乐意生沉声道:“你说的,我都曾经了解过,疑惑过。但成功是不可复制的,人生是不可复制的。阅读、感受它们不是为了拥有它们。爱的意义从来不是占有。”
“爱的意义从来不是占有,很有道理,原是品味而非吞咽。可有时,我会苦恼于人生的意义与遗憾。该去传承什么意义呢?”路问苦道。
“生的意义在于传承。即使有遗憾,世界也会珍藏这美妙的遗憾。关于生死和意义的问题永远不会穷尽,因为这是自然万物的存在内动力。只有行动可以给你一个答案,要想不茫然,那就沿着心路而走,边走边思考。你无法从摇篮看到坟墓。你承载着前人的精彩意志,也为现人和后人留下独特的意志。”
乐意生又倒了一杯茶水。他续道:“所以每个人都是曲线的波点,都是有限的,但可承传无限。”

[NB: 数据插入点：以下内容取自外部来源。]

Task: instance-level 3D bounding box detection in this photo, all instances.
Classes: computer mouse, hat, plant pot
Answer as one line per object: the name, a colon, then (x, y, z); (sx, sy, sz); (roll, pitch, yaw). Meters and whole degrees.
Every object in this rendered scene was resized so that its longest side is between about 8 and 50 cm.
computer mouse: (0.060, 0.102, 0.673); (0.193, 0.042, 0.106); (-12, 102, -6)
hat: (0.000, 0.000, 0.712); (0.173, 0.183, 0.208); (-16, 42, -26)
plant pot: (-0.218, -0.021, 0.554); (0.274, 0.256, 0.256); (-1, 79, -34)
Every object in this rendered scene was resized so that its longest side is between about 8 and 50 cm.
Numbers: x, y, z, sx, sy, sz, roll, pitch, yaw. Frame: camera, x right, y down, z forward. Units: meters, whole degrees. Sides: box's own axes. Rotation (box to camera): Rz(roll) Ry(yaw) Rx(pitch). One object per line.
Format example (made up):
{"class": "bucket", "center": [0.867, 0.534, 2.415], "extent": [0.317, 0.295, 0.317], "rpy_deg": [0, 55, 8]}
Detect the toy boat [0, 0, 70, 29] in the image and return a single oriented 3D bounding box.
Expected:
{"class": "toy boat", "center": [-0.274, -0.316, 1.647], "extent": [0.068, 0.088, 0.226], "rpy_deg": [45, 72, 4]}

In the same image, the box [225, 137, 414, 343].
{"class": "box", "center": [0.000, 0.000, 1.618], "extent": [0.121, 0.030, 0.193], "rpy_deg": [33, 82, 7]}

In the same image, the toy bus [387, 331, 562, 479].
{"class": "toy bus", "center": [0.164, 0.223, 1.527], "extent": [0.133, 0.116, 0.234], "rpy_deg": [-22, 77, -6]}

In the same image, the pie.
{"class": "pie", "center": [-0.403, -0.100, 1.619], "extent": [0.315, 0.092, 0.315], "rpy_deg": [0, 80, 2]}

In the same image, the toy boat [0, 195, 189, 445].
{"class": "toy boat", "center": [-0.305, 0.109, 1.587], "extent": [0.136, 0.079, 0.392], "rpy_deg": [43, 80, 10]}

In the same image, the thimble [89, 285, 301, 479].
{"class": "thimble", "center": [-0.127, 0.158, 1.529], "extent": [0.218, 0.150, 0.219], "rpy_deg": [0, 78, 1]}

“老哥实在洞悉人生。那不知你是怎么样看待外定内的观点的呢?”路问清润一口问道。
“五五之分,各占一半,混合统一。你的那一半意志若是要解释的话,那便是天性。”说着乐意生指了指天空,路问望向天空。他接着道“人生实际上做不了无限的事,但只要你的感性与理性能够和谐统一,那么个人即是整体、整体即是个人。”
“那为何有些人会被轻易地剥夺了权利,只有残缺的世界,他们都未曾经历精彩的人生?”路问跟道。

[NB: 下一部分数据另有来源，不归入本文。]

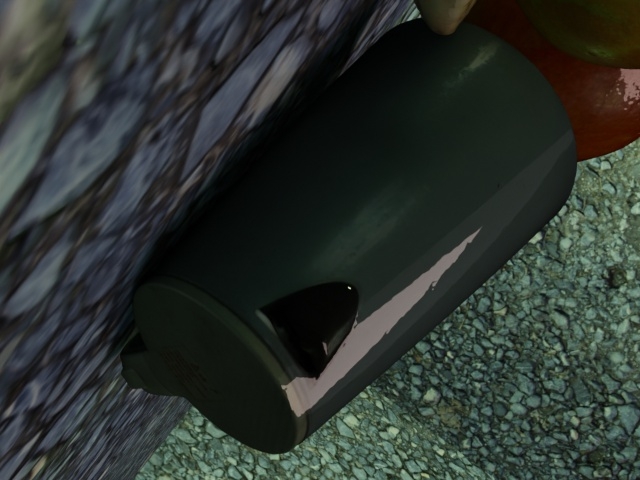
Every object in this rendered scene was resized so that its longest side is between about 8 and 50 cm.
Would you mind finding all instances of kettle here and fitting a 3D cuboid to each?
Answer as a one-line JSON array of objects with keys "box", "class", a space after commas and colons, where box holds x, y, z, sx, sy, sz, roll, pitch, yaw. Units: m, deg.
[{"box": [0.000, 0.000, 0.516, 0.243, 0.160, 0.210, -42, -160, -32], "class": "kettle"}]

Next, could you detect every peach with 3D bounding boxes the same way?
[{"box": [0.316, -0.259, 1.064, 0.372, 0.290, 0.372, -52, 170, -13], "class": "peach"}]

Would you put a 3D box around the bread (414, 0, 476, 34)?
[{"box": [0.136, -0.239, 0.417, 0.316, 0.054, 0.316, -54, 180, 0], "class": "bread"}]

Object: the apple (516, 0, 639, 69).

“虽是那样,但只要他能够抓住属于自己的那一半意志,那还怕什么悔什么。你既是天性又是自己。我们只能贴近真相。你一定苦恼于机械而同质的人生吧。”
“乐兄果真料事如神”路问恭道。
“其实,你只要到外面多走一走,就不会沉伤某物沉伤过去。毕竟,你还有未走完的路,未走完的春天。你可触摸的就是现在,也只有现在。只要心路与外路同合了,机械就不那么机械,同质而不同义。你会选择几十年精彩的一生而不会选择无望无味的万年、千年的一生。走在路上,目标也会自己出现,到那时,你只需要坚定自己的勇气和信心。”
路问放声笑道:“好,实在很好……不知乐兄将要去往哪里。”
乐意生也朗笑道“:你明白生活不是为了追求愁苦便好。我……打算南下,到南海以南转转,说不定还能遇到比你那丫头更漂亮的女孩。”
二人撇开玄道,谈及了游历的事情。路问暗想这家伙怎么知道得这么的多,而且还星行精通一般。路问这时才了解到修道江湖。是时天下聚推“三异四顶五峰”,更有不少实力卓绝的散仙,大陆四向有着传说中神一般存在的龙族。大陆以外更有许多区别于人境的独立秘境。不过那对于常人实在太遥远了,也难以穷尽,毕竟这世界太辽阔了!否则人人都是独孤求败,那生活就太无趣了。
月上初头,路问、菱儿和唐瀮漪继续上路了。这样披星戴月的行旅倒让唐瀮漪更感新鲜。